> [Supplied material]
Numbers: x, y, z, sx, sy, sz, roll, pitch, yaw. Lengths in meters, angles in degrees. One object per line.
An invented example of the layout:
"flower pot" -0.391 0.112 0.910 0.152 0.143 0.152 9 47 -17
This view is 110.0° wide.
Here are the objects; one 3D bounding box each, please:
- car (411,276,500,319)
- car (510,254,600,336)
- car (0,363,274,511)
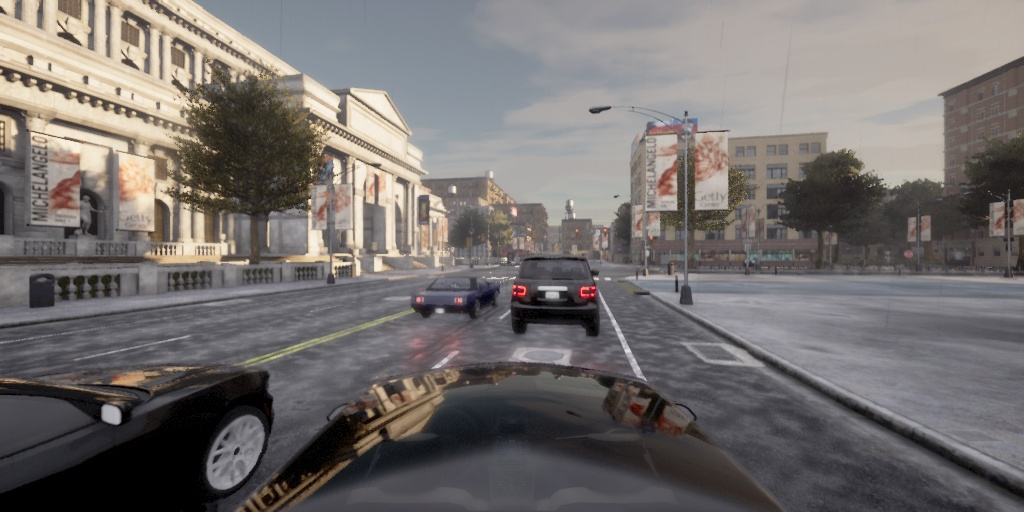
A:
"car" -1.747 1.347 12.865 1.895 1.301 4.718 0 0 10
"car" 1.382 0.968 10.644 2.150 2.045 5.566 0 0 10
"car" -3.232 1.228 1.415 1.882 1.535 5.008 0 0 1
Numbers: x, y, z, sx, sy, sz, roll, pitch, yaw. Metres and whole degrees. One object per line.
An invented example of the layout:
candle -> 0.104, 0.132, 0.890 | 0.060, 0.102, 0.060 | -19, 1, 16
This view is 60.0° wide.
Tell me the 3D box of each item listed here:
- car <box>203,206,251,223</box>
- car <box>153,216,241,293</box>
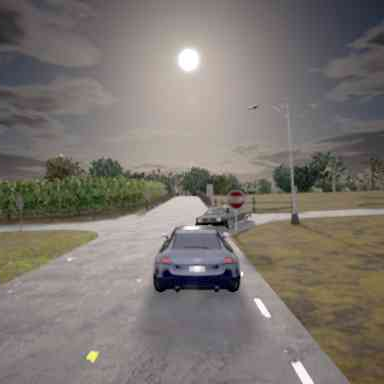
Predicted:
car -> 2.154, 1.523, 21.163 | 1.895, 1.301, 4.718 | -6, 0, 30
car -> 0.100, 1.590, 8.989 | 1.994, 1.385, 4.181 | 0, 0, 0
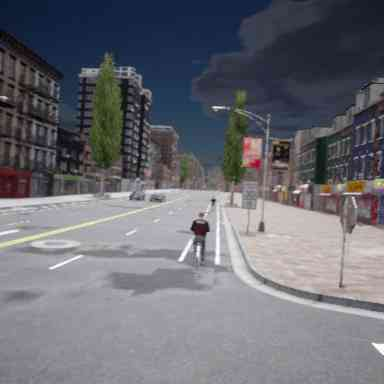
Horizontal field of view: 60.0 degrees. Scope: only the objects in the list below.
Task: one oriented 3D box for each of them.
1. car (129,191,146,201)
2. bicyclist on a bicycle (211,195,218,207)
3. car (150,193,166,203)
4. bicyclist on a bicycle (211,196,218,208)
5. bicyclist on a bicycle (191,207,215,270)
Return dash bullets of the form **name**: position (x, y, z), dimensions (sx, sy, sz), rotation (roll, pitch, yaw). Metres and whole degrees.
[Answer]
- **car**: position (-8.453, 0.584, 52.136), dimensions (1.837, 1.490, 4.892), rotation (4, 1, 5)
- **bicyclist on a bicycle**: position (3.292, 1.295, 48.482), dimensions (0.866, 1.612, 1.509), rotation (4, 1, 4)
- **car**: position (-5.222, 0.829, 51.880), dimensions (2.033, 1.411, 5.357), rotation (4, 1, 5)
- **bicyclist on a bicycle**: position (2.460, 1.334, 38.223), dimensions (0.659, 1.776, 1.843), rotation (4, 1, 5)
- **bicyclist on a bicycle**: position (0.259, 1.479, 10.481), dimensions (0.659, 1.776, 1.843), rotation (4, 0, 4)

> [Problem to work on] If a picture appears among the records, leave it out, and otherwise reproduce exactly every line from the first line through the one with "Return dash bullets", both included.

> [Task solution]
Numbers: x, y, z, sx, sy, sz, roll, pitch, yaw. Lengths in meters, angles in degrees. One object per line.
An invented example of the layout:
"flower pot" -0.391 0.112 0.910 0.152 0.143 0.152 9 47 -17
This view is 110.0° wide.
Here are the objects; one 3D bounding box each, please:
- car (411,276,500,319)
- car (510,254,600,336)
- car (0,363,274,511)
A:
"car" -1.747 1.347 12.865 1.895 1.301 4.718 0 0 10
"car" 1.382 0.968 10.644 2.150 2.045 5.566 0 0 10
"car" -3.232 1.228 1.415 1.882 1.535 5.008 0 0 1
Numbers: x, y, z, sx, sy, sz, roll, pitch, yaw. Metres and whole degrees. One object per line.
An invented example of the layout:
candle -> 0.104, 0.132, 0.890 | 0.060, 0.102, 0.060 | -19, 1, 16
This view is 60.0° wide.
Tell me the 3D box of each item listed here:
- car <box>203,206,251,223</box>
- car <box>153,216,241,293</box>
Predicted:
car -> 2.154, 1.523, 21.163 | 1.895, 1.301, 4.718 | -6, 0, 30
car -> 0.100, 1.590, 8.989 | 1.994, 1.385, 4.181 | 0, 0, 0
Horizontal field of view: 60.0 degrees. Scope: only the objects in the list below.
Task: one oriented 3D box for each of them.
1. car (129,191,146,201)
2. bicyclist on a bicycle (211,195,218,207)
3. car (150,193,166,203)
4. bicyclist on a bicycle (211,196,218,208)
5. bicyclist on a bicycle (191,207,215,270)
Return dash bullets of the form **name**: position (x, y, z), dimensions (sx, sy, sz), rotation (roll, pitch, yaw). Metres and whole degrees.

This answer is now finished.